Window managers on macOS are often keyboard-centric or limited in mouse-driven interaction. WinMux takes a different approach by combining intent zones for drag-and-drop window management with tab groups that mimic browser-style tab navigation. This hybrid design reduces reliance on keyboard shortcuts and offers a spatially aware sidebar, making window organization more intuitive — if you’re willing to accept its current beta state and backend tradeoffs.
What winmux does and how it’s built
WinMux is a macOS window manager written in Swift that wraps the Aerospace tiling backend. Aerospace handles the core window tiling logic, but WinMux adds a user interface layer with several unique features.
At its core, WinMux introduces “intent zones” — six distinct areas on the screen where dragging a window triggers different tiling or swapping operations. For example, dragging a window into the left or right zones splits the screen, while the tab zones stack windows into tab groups. This design lets users manipulate windows with the mouse instead of keyboard shortcuts, which is unusual in the tiling WM space.

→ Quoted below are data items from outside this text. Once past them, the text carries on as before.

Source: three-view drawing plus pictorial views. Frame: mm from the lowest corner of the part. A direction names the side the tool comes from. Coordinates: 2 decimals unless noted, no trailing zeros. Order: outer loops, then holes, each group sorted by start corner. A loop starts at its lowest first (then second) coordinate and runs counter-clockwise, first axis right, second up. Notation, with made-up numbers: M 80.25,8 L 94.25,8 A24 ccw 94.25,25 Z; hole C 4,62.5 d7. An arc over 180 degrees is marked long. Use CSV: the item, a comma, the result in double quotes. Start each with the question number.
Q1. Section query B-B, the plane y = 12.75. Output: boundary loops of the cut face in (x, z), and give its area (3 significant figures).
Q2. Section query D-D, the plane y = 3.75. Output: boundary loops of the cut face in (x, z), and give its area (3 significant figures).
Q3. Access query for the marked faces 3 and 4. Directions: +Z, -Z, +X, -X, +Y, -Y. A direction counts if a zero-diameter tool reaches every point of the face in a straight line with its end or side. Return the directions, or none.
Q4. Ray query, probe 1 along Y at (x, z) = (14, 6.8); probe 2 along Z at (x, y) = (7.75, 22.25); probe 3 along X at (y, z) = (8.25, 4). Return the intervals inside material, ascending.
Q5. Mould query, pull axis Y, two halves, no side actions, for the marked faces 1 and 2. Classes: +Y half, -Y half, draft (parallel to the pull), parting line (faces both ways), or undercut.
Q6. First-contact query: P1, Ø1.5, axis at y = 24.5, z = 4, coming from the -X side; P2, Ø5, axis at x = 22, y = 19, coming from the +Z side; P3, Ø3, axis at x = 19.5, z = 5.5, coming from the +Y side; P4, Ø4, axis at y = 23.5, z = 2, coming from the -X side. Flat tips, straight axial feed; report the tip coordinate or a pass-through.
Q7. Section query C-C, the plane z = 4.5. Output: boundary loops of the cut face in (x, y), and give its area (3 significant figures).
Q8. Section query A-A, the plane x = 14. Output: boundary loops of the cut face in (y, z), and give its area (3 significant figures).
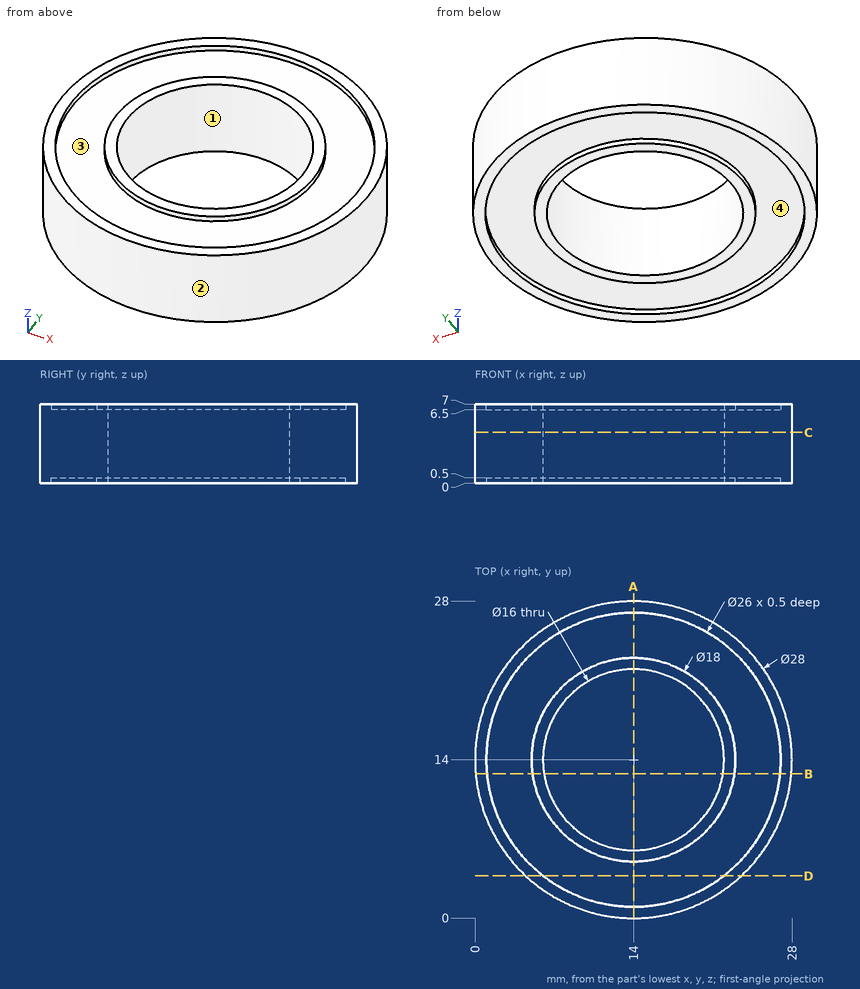
Responses:
1,outline,"M 0.06,0 L 1.06,0 L 1.06,0.5 L 5.09,0.5 L 5.09,0 L 6.1,0 L 6.1,7 L 5.09,7 L 5.09,6.5 L 1.06,6.5 L 1.06,7 L 0.06,7 Z; M 21.9,0 L 22.91,0 L 22.91,0.5 L 26.94,0.5 L 26.94,0 L 27.94,0 L 27.94,7 L 26.94,7 L 26.94,6.5 L 22.91,6.5 L 22.91,7 L 21.9,7 Z"
1,area,"76.5 mm²"
2,outline,"M 4.46,0 L 6,0 L 6,0.5 L 22,0.5 L 22,0 L 23.54,0 L 23.54,7 L 22,7 L 22,6.5 L 6,6.5 L 6,7 L 4.46,7 Z"
2,area,"118 mm²"
3,face 3,"+Z"
3,face 4,"-Z"
4,probe 1,"y = 0 to 1, 5 to 6, 22 to 23, 27 to 28"
4,probe 2,"z = 0.5 to 6.5"
4,probe 3,"x = 1.24 to 8.44, 19.56 to 26.76"
5,face 1,"undercut"
5,face 2,"parting line"
6,P1,"stops at x = 3.95"
6,P2,"stops at z = 7"
6,P3,"stops at y = 27.42"
6,P4,"stops at x = 2.18"
7,outline,"C 14,14 d28; hole C 14,14 d16"
7,area,"415 mm²"
8,outline,"M 0,0 L 1,0 L 1,0.5 L 5,0.5 L 5,0 L 6,0 L 6,7 L 5,7 L 5,6.5 L 1,6.5 L 1,7 L 0,7 Z; M 22,0 L 23,0 L 23,0.5 L 27,0.5 L 27,0 L 28,0 L 28,7 L 27,7 L 27,6.5 L 23,6.5 L 23,7 L 22,7 Z"
8,area,"76.0 mm²"

Tab groups are another key feature. They allow multiple windows to share the same footprint, navigable with browser-like tabs. This approach avoids the cognitive overhead of cycling through windows with the keyboard and provides a more familiar interface for users coming from browsers.
The sidebar complements this by providing spatial awareness across workspaces. It displays a list of open windows grouped by workspace and also shows system status pills like date, time, battery, and network indicators. This helps users keep track of their environment beyond the immediate window layout.

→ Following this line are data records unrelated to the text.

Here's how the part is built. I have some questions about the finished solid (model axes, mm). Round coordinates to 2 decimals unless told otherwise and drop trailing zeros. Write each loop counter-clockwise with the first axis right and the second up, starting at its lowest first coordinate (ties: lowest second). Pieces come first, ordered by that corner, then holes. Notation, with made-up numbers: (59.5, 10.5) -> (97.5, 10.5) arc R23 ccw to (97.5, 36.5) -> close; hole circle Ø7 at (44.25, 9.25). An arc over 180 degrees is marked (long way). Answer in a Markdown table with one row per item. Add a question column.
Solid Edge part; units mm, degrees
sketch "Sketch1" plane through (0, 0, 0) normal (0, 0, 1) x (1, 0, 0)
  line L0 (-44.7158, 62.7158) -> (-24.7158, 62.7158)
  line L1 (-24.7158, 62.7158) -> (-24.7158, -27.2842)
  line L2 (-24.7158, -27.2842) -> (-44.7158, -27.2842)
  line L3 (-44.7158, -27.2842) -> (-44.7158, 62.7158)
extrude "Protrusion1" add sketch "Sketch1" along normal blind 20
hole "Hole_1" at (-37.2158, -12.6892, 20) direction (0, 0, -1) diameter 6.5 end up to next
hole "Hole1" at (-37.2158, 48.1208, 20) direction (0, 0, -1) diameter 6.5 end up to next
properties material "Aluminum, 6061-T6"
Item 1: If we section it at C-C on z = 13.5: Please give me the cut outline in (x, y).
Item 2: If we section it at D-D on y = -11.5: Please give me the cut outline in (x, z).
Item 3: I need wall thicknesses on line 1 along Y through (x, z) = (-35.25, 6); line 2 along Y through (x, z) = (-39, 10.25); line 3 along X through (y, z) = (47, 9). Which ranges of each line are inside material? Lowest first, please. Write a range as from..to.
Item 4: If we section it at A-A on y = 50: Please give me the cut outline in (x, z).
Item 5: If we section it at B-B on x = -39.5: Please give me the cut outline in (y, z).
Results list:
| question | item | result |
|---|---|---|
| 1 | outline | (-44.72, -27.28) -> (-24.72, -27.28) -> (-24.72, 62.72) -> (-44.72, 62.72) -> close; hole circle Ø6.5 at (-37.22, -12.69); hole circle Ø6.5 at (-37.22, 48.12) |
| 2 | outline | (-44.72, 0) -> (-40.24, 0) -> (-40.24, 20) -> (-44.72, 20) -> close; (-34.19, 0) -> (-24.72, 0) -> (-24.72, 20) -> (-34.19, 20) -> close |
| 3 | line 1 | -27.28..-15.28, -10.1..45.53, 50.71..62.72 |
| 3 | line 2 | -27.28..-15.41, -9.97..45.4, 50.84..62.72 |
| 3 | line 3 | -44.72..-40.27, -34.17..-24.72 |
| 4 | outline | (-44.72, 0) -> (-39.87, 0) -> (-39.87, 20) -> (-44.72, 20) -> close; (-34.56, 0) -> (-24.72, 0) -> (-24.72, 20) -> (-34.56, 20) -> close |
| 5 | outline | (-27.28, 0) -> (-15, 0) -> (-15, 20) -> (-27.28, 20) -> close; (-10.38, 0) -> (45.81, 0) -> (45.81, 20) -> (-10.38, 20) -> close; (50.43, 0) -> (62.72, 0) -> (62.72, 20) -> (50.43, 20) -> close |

Configuration is done via a TOML file, with a GUI settings editor for basic shortcut customization. This balances power users who prefer direct config editing with users who want a friendly interface.

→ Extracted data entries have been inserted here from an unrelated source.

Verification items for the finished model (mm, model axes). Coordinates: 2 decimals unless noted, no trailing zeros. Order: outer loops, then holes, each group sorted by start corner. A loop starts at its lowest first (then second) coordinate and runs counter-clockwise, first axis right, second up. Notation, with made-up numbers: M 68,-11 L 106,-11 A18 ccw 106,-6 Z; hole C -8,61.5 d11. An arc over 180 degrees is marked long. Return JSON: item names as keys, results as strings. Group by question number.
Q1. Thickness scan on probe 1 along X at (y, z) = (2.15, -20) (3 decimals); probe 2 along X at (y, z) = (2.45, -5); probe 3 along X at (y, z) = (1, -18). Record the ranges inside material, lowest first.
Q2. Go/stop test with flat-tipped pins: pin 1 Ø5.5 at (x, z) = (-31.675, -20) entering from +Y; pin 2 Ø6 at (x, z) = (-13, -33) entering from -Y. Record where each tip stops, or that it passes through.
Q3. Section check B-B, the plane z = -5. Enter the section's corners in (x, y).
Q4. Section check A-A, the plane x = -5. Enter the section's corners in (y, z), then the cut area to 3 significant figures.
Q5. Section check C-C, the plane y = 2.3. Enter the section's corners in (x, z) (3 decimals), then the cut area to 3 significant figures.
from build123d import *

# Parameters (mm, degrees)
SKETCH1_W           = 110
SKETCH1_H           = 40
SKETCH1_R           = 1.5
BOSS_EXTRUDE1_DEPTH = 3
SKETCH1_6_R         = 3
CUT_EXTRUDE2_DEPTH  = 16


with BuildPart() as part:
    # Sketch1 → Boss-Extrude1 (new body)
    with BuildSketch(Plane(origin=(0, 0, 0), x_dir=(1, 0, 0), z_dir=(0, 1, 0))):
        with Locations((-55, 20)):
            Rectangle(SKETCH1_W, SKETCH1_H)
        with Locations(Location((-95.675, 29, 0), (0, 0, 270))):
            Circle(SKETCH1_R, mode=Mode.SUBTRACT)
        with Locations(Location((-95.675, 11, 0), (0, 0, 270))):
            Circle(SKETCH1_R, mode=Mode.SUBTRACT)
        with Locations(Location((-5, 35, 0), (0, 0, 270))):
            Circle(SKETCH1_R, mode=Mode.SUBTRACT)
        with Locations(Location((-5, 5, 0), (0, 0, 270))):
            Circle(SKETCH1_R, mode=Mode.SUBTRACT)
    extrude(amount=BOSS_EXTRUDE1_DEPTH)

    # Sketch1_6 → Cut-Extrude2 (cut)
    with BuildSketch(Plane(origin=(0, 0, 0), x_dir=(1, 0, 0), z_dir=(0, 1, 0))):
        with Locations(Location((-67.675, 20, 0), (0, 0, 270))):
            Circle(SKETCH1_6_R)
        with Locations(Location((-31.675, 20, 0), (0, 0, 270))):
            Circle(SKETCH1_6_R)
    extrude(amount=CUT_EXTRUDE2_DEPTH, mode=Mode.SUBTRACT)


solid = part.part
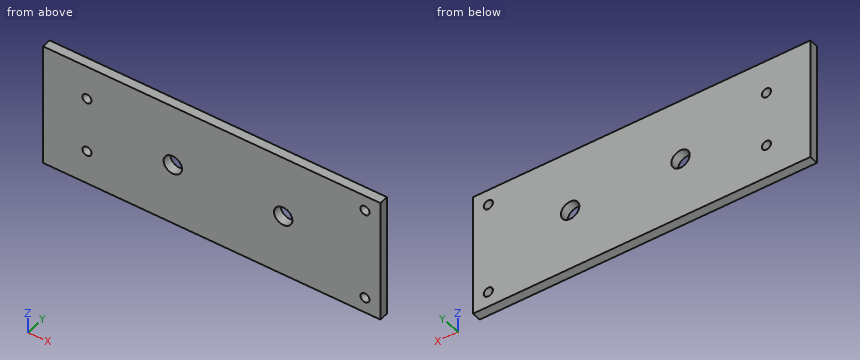
Numbers:
{
 "1": {"probe 1": "x = -110 to -70.675, -64.675 to -34.675, -28.675 to 0", "probe 2": "x = -110 to -6.5, -3.5 to 0", "probe 3": "x = -110 to -69.91, -65.44 to -33.91, -29.44 to 0"},
 "2": {"pin 1": "passes through", "pin 2": "stops at y = 0"},
 "3": {"outline": "M -110,0 L -6.5,0 L -6.5,3 L -110,3 Z; M -3.5,0 L 0,0 L 0,3 L -3.5,3 Z"},
 "4": {"outline": "M 0,-40 L 3,-40 L 3,-36.5 L 0,-36.5 Z; M 0,-33.5 L 3,-33.5 L 3,-6.5 L 0,-6.5 Z; M 0,-3.5 L 3,-3.5 L 3,0 L 0,0 Z", "area": "102 mm2"},
 "5": {"outline": "M -110,-40 L 0,-40 L 0,0 L -110,0 Z; hole C -95.675,-29 d3; hole C -95.675,-11 d3; hole C -67.675,-20 d6; hole C -31.675,-20 d6; hole C -5,-35 d3; hole C -5,-5 d3", "area": "4,320 mm2"}
}

Currently, WinMux only supports a single display setup, which limits multi-monitor users. The repository clearly states this as a limitation.
Technical strengths, tradeoffs, and code quality
The standout technical design is the intent zone system combined with tab groups. This hybrid model blends mouse-driven window manipulation with a tiling backend, which is rare in macOS window managers that generally lean either fully keyboard-driven or mouse-driven with floating windows.
Using Aerospace as the backend simplifies handling the tiling logic but comes with performance tradeoffs. The repo mentions Aerospace’s performance drops under load and signals plans to support Yabai as an alternative backend in the future. Yabai is known for better performance and more active maintenance, so this migration could improve WinMux’s responsiveness and scalability.
The codebase is entirely in Swift, which is expected for a native macOS app. It wraps the Aerospace backend and adds layers for the sidebar, tab groups, and configuration GUI. The code organization reflects a modular approach with clear responsibility separation between UI components and backend communication.
The TOML config with GUI editor strikes a good balance, avoiding the complexity of fully manual config files but giving enough flexibility for users to customize shortcuts.
The tradeoffs here are clear: the project is in beta, limited to single-display setups, and relies on a backend with known performance issues. However, its architecture is designed to allow backend swapping, which shows foresight. The UX focus on minimizing keyboard shortcuts by using intent zones and tab groups is a refreshing take and worth understanding even if you don’t adopt it fully.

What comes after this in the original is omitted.